The present invention relates to diffused-junction type semiconductor devices, and especially to a new method for diffusing phosphorus antimony or arsenic into silicon semiconductors. More particularly, the present invention pertains to a precise and readily controllable method for diffusing an N-type layer in at least a portion of the surface of a silicon semiconductor for the purpose of forming a semiconductor junction therein.

Semiconductors have been known in the industry for many years, and the term semiconductor material has been considered generic to a number of materials, including silicon and silicon-germanium alloys. As used herein, the term silicon is intended to include such silicon and silicon-germanium alloy elements. Such elements can be circular, rectangular or triangular or any other convenient shape, although they are usually in the form of a wafer or disc.

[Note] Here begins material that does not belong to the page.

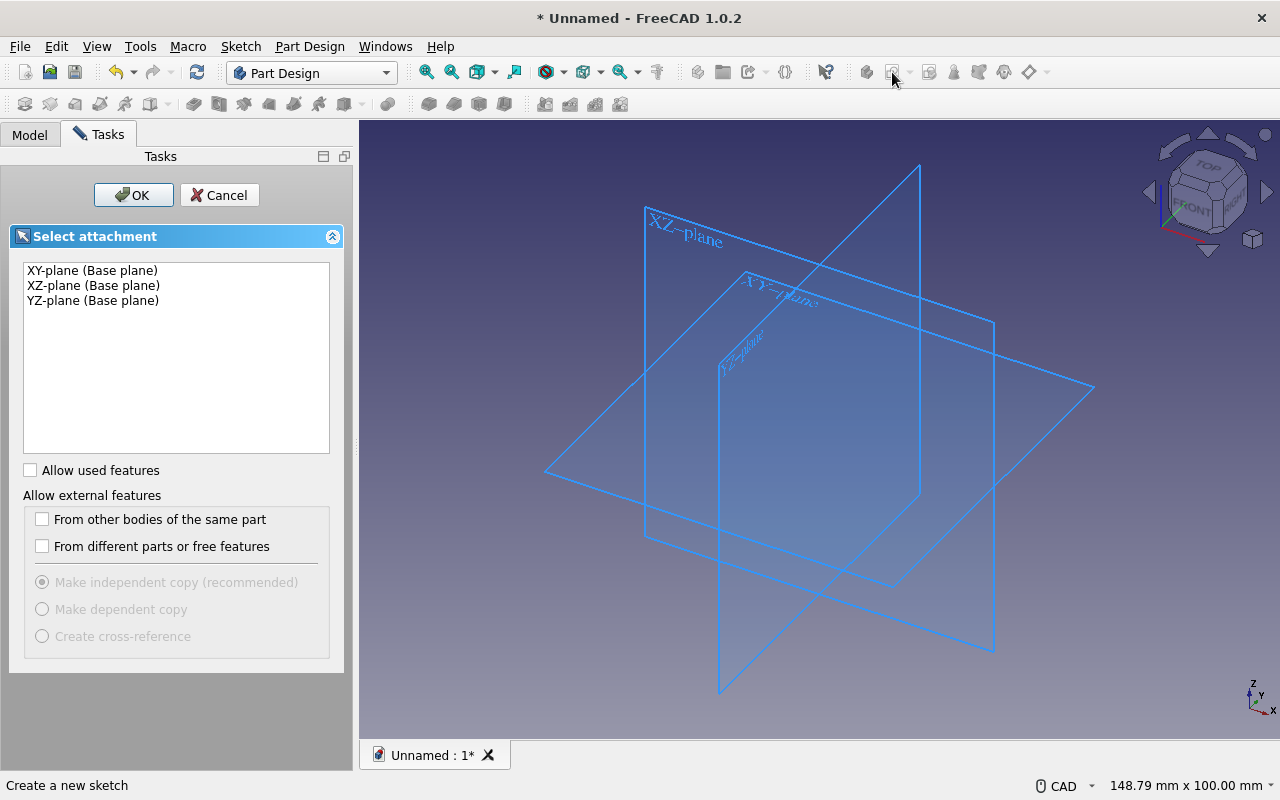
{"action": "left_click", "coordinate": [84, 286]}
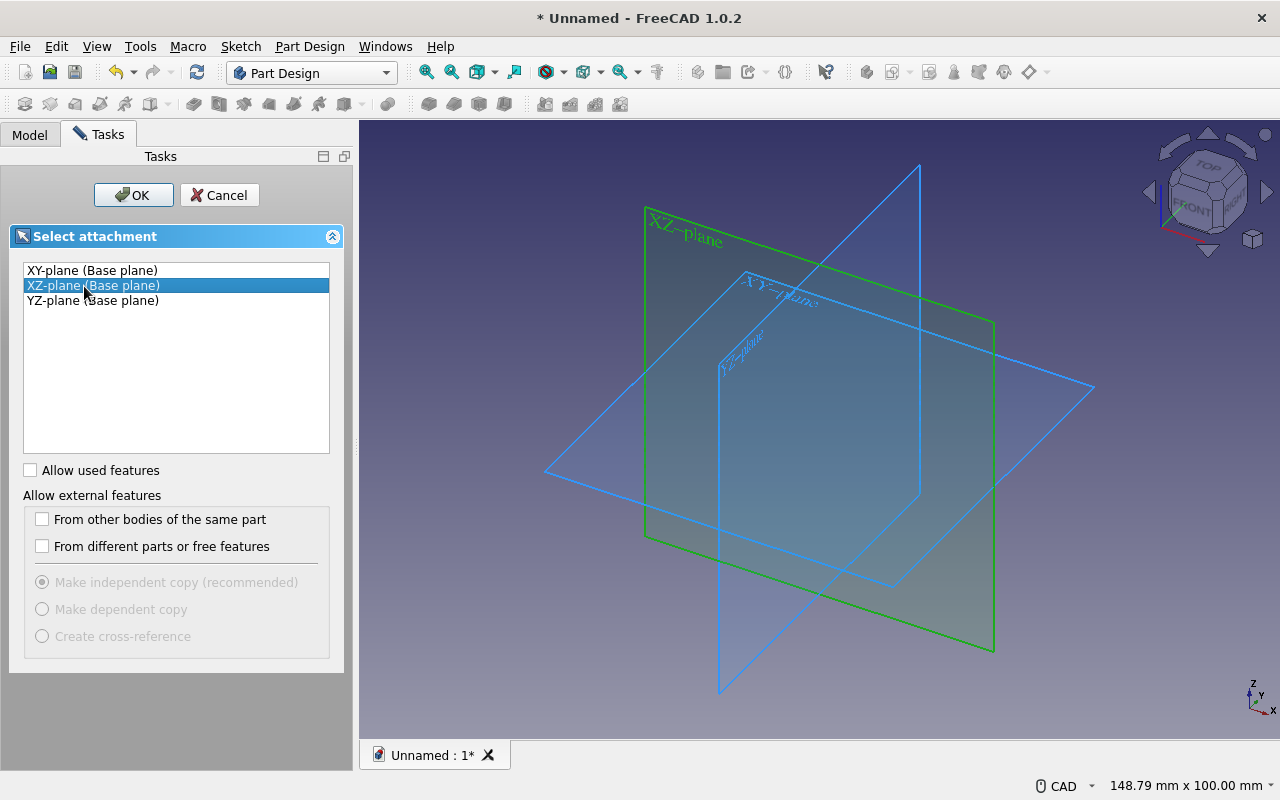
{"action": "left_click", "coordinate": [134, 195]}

Generally, the silicon semiconductor has an-active impurity incorporated therein during manufacture -or later by diffusion, which impurity affects the electrical rectification characteristics of the silicon as distinguished from other impurities which may have no appreciable effect on those characteristics. Active impurities are usually classified as donor impurities or acceptor impurities. The donor impurities include phosphorus, arsenic and antimony and the acceptor impurities include boron, gallium, aluminum and indium. In other cases, the silicon semiconductors are essentially free of such impurities and are called intrinsic semiconductors.

With respect to the nomenclature used in the semiconductor art, a zone of semiconductor material containing an excess of donor impurities and yielding an excess of free electrons is said to exhibit N-type conductivity. On the other hand, P-type conductivity is exhibited by a zone containing an excess of acceptor impurities resulting in a deficit of electrons or an excess of holes. In other words, N-type conduction is characterized by electron conduction whereas a P-type conduction is one characterized by hole conduction. Intrinsic (sometimes called I type) silicon semiconductors contain neither donor or acceptor impurities in an amount sufficient to achieve either N- or P-type conduction.

When a continuous solid specimen of semiconductor material has an N-type zone adjacent to P-type zone, the boundary between them is termed a P-N or N-P junction and the specimen of semiconductor material is termed a P-N junction semiconductor device.

When a zone of P-type conductivity is adjacent a zone of greater P-type conductivity, the junction is called a P-P junction. When a zone of N-type conductivity is adjacent a zone of greater N-type conductivity, the junction is called an N-N+ junction. Semiconductor junctions of the P-I type and N-I type also exist. The present invention encompasses the diffusion doping of phosphorus, arsenic or antimony to form N (including N+) zones in the above types of semiconductor devices.

A commercially significant embodiment of the invention is a P-type silicon semiconductor which has formed therein a phosphorus, antimony or arsenic containing layer defining an N-type zone. The reverse side 2 of the silicon chip or wafer retains its P-type nature and, accordingly, the product produced by this invention is a P-N junction semiconductor device. Therefore, to make a simplified P-N junction requires the diffusion of an N-type impurity into the surface layer of P-type semiconductor.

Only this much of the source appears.